Seit einem Jahr ist Mikes Coffee-Shop auch eine kleine Quartiergalerie zur Förderung von jungen Künstlern. Die Benutzung der Wände ist unentgeltlich. Es finden etwa 5 Ausstellungen pro Jahr statt. Bei Verkäufen erhält Mike 25 Prozent des Verkaufspreises. Die Originale kosten zwischen 10 und 500 US-Dollar; ob sich künftige Picassos darunter befinden, bleibt eine offene Frage, die Künstlerinnen und Künstler haben aber Gelegenheit, die (meist gar nicht zimperliche) Publikumskritik unvermittelt mitzuerleben, ein eigentliches «interaktives Kunsthappening».
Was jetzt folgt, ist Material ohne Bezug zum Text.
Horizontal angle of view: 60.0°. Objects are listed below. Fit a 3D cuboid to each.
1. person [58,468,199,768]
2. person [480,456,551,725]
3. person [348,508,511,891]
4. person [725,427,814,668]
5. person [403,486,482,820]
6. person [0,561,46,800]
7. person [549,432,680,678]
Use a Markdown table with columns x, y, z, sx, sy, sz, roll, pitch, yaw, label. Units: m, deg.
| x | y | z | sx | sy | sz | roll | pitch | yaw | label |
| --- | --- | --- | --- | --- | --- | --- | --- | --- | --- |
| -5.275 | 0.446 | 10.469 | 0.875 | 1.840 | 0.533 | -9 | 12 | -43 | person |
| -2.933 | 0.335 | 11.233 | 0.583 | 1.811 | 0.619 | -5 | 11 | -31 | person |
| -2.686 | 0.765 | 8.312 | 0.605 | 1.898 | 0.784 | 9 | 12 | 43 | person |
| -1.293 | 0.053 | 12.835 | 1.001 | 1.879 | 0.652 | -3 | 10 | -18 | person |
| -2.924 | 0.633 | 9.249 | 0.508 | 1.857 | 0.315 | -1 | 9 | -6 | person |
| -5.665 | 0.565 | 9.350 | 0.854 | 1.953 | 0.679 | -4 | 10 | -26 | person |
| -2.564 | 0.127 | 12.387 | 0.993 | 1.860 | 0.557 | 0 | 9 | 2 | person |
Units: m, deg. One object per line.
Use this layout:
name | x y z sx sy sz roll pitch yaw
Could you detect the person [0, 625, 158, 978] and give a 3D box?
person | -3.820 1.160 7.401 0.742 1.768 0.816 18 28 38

Alle diese Netze von kleinen sozialen und kulturellen Dienstleistungen hat Mike nicht etwa aus besonderer Menschenfreundlichkeit geknüpft, sondern um mehr Kunden zu haben und seinen Gewinn zu steigern (Profitmaximierung). Seine Gewinne (und die Einkünfte seiner verschiedenartigen «Partner») sind nicht besonders gross. Er wird noch mehr gute und originelle Ideen haben müssen (und sollte noch besser auf die Ratschläge seiner unternehmerisch begabten Frau hören!), bis er dann seinen zweiten Coffee-Shop eröffnen kann, der nach demselben Muster gestrickt sein soll, aber natürlich ein bisschen anders.

Ich glaube nicht, dass Mike zum «Californian King of Coffee-Shops» avancieren wird, dazu ist er zu wenig clever und letztlich doch zu bequem. Aber zum Überleben seiner kleinen Unternehmung, die rein wirtschaftliche Motive hat, aber gerade deswegen auch nachhaltige positive, soziale und kulturelle Folgen zeitigt, wird es vermutlich reichen. Ich hoffe es wenigstens.
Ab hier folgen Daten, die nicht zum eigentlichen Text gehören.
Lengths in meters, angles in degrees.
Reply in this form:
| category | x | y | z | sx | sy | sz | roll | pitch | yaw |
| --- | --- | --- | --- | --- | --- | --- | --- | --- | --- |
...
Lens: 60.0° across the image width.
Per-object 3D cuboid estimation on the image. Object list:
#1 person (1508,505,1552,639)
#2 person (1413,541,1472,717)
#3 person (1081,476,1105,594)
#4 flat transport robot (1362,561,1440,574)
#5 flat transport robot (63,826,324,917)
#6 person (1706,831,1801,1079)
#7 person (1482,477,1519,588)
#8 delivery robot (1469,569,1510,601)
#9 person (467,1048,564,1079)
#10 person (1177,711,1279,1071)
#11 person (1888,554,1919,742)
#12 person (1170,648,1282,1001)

Es geht in diesem Beispiel nicht um die arg strapazierte und relativ unwahrscheinliche Karriere vom Tellerwäscher zum Milliardär, und auch nicht um den Schritt vom einfachen Garagelabor zum Elektronikkonzern. Lebensunternehmertum kann sich auch ohne New Economy in den vielfältigen Nischen der «kleinen Dienstleistung» alltäglicher, sozialer und kultureller Bedürfnisbefriedigung durchaus selbstorganisiert und selbsttragend entwickeln und entfalten kann, wenn die vorhandenen Möglichkeiten nicht durch Interventionen und Verbote aller Art eingeschränkt sind und die entsprechende Mentalität der Selbstverantwortung nicht durch gut gemeinte, aber entmündigende und decouragierende staatliche Regulierungen und Förderungsprogramme erstickt wird.